Seni Komunikasi Memfasilitasi Daerah
Sentralisasi yang begitu kuat di era Orde Baru membuat daerah cenderung tak berkembang. Desentralisasi lantas dipilih agar daerah bisa mandiri dan kesejahteraan masyarakat meningkat. Namun, jalan itu tak selalu mulus.
Pemerintah menetapkan 25 April sebagai Hari Otonomi Daerah, merujuk pada tanggal pengesahan Peraturan Pemerintah Nomor 8 Tahun 1995, yaitu pemerintah pusat menyerahkan sebagian urusan pemerintahan kepada 26 daerah tingkat II percontohan. Kebijakan ini dijadikan tonggak dalam pelaksanaan otonomi daerah.
Kemudian, pada 7 Februari 1996, Presiden Soeharto mengeluarkan Keputusan Presiden Nomor 11 Tahun 1996 yang menetapkan 25 April sebagai Hari Otonomi Daerah. Di era Reformasi, muncul pengesahan UU No 22/1999 tentang Pemerintahan Daerah yang mengamanatkan penerapan otonomi daerah pada 1 Januari 2001.
Otonomi daerah diikuti dengan pembagian kewenangan antara pusat dan daerah. Meski begitu, acap kali keduanya tak sejalan. Pada 1 Maret 2021, untuk kali pertama dalam sejarah birokrasi di Indonesia, satu daerah memiliki dua orang dengan jabatan sekretaris daerah. Wakil Gubernur Papua melantik Penjabat Sekda Papua Doren Wakerkwa, sedangkan Menteri Dalam Negeri Tito Karnavian melantik Dance Yulian Flassy sebagai sekda definitif Papua.

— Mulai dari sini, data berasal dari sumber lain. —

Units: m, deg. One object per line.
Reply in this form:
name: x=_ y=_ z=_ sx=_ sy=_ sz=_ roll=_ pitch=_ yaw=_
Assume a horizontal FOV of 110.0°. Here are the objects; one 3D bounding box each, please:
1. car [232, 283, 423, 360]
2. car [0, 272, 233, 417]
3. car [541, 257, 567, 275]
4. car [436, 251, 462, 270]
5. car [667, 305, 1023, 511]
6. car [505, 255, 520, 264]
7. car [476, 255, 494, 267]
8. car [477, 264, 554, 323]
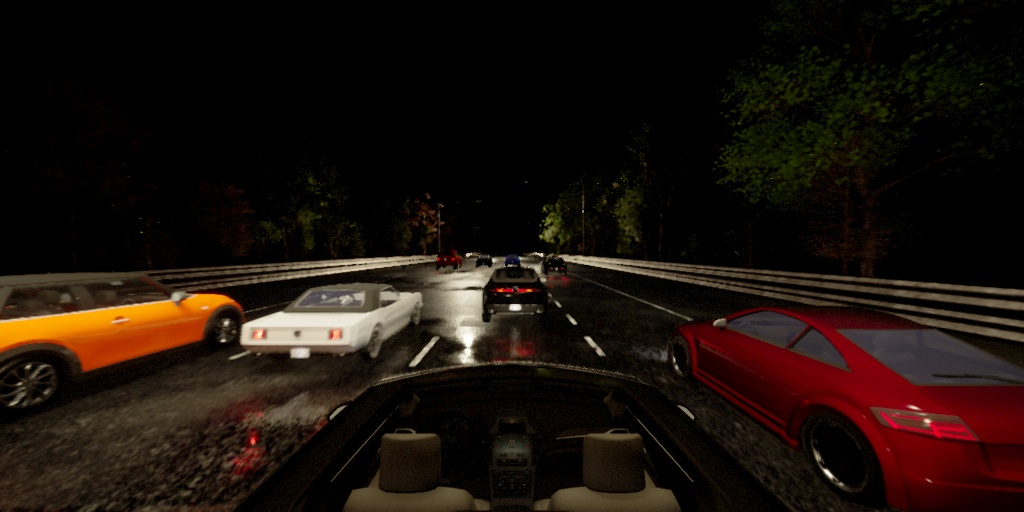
car: x=-3.420 y=1.256 z=8.026 sx=1.895 sy=1.301 sz=4.718 roll=0 pitch=1 yaw=0
car: x=-6.928 y=1.039 z=6.002 sx=2.097 sy=1.767 sz=4.553 roll=0 pitch=1 yaw=0
car: x=3.580 y=0.820 z=31.095 sx=2.128 sy=1.511 sz=4.902 roll=0 pitch=1 yaw=0
car: x=-6.926 y=0.430 z=39.952 sx=2.150 sy=2.045 sz=5.566 roll=0 pitch=0 yaw=0
car: x=3.598 y=1.273 z=4.343 sx=1.994 sy=1.385 sz=4.181 roll=0 pitch=1 yaw=0
car: x=0.068 y=0.571 z=48.867 sx=1.882 sy=1.535 sz=5.008 roll=0 pitch=0 yaw=0
car: x=-3.428 y=0.632 z=45.199 sx=2.128 sy=1.511 sz=4.902 roll=0 pitch=1 yaw=0
car: x=0.085 y=1.102 z=11.535 sx=1.837 sy=1.490 sz=4.892 roll=0 pitch=-1 yaw=0

Persoalan dualisme sekda ini muncul karena keduanya memiliki keyakinan berbeda. Wagub Papua mengacu pada Undang-Undang Nomor 21 Tahun 2001 tentang Otonomi Khusus Papua sehingga pelantikan merupakan kewenangan daerah. Adapun Mendagri harus menjalankan Keputusan Presiden Joko Widodo yang memilih Dance.
Berselang dua hari, Direktur Jenderal Otonomi Daerah Kemendagri Akmal Malik terjun langsung ke Jayapura. Ia sadar persoalan ini tak bisa diselesaikan dengan surat-menyurat, bahkan pemberian sanksi kepada aparatur sipil negara (ASN) yang tidak patuh pada kebijakan Presiden sebagai panglima tertinggi ASN.

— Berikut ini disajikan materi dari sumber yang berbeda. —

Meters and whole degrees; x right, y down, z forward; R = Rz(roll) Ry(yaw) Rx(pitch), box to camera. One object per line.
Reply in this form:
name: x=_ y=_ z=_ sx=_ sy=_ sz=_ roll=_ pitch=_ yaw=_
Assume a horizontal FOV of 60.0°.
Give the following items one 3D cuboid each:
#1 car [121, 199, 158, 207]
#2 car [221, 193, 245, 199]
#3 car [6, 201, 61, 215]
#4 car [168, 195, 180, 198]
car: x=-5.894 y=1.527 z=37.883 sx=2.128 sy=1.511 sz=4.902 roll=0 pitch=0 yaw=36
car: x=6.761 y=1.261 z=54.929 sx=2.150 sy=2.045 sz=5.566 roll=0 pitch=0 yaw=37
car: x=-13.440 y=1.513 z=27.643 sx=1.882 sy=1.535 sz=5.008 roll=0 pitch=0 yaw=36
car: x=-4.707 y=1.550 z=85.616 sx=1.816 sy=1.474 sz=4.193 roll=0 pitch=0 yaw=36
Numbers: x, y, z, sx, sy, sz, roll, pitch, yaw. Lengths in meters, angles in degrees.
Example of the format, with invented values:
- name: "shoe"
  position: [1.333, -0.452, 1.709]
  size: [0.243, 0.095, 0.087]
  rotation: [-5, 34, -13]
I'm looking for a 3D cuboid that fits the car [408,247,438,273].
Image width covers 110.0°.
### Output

Tiba di Jayapura, Akmal mulai bergerilya. Sesuai arahan Mendagri, ia mendatangi pihak-pihak yang berpengaruh kepada Doren, seperti tokoh-tokoh agama dan sejumlah bupati di Papua. Semua diajak berdiskusi untuk menyamakan persepsi terlebih dahulu dan membantu mengomunikasikannya ke Doren. Wagub Papua pun juga tak luput dari gerilya Akmal.
Setelah semua pihak mulai sepaham, pertemuan pun dilangsungkan antara Doren, Dance, dan Gubernur Papua Lukas Enembe, 5 Maret 2021. Pertemuan berlangsung hangat selama dua jam. Itulah komunikasi awal semua pihak sehingga bisa duduk bersama. Setelah 13 hari, peralihan kekuasaan pun terjadi secara resmi dari Doren ke Dance.

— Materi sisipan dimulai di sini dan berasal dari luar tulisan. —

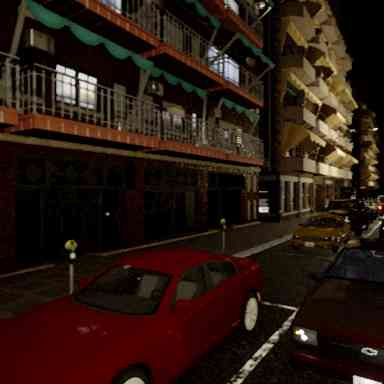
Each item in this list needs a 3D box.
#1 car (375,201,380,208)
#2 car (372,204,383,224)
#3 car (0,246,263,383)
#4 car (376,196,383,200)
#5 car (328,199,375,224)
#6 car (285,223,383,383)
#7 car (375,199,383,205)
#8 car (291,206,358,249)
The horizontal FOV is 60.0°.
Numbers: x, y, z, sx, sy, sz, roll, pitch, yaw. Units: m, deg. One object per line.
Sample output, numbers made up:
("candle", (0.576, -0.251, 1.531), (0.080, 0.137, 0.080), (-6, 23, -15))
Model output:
("car", (11.562, 1.553, 23.153), (2.008, 1.369, 4.403), (0, 0, 33))
("car", (10.456, 1.550, 16.500), (2.033, 1.411, 5.357), (0, 0, 33))
("car", (-0.474, 1.542, 4.609), (1.887, 1.381, 4.507), (0, 0, 33))
("car", (17.578, 1.449, 32.424), (1.967, 1.590, 4.097), (0, 0, 33))
("car", (8.551, 1.316, 18.518), (2.192, 1.841, 5.009), (0, 0, 33))
("car", (3.241, 1.547, 5.559), (2.033, 1.411, 5.357), (0, 0, 33))
("car", (14.571, 1.556, 27.789), (2.008, 1.369, 4.403), (0, 0, 33))
("car", (5.451, 1.524, 13.739), (1.752, 1.417, 4.829), (0, 0, 33))

Baca juga: Reposisi Otonomi Daerah
”Menyampaikan hal-hal seperti itu, kan, tidak bisa ketika semua pihak dalam kondisi marah, tunggu cooling down dulu, enggak bisa asal bikin surat. Wah, dirobek (surat) itu. Kalau diberi sanksi, mereka juga langsung marah dan melawan, enggak bisa seperti itu,” ujar Akmal.
Pemetaan daerah
Itu hanya sebagian kecil persoalan di pemda di mana pusat harus ikut ”turun tangan” menjadi fasilitator daerah. Jauh sebelum ini, Kemendagri juga acapkali memfasilitasi kepala daerah yang memiliki hubungan tidak harmonis dengan wakilnya. Ini dilakukan agar kerja pemerintahan tak terganggu.
Biasanya, akar persoalan keributan antara kepala daerah dan wakilnya ini adalah pembagian kewenangan. Namun, terkadang persoalan juga lebih kompleks. Alhasil, beberapa kasus perseteruan kepala daerah yang dimediasi Kemendagri terkadang selesai, tetapi ada juga yang tidak selesai.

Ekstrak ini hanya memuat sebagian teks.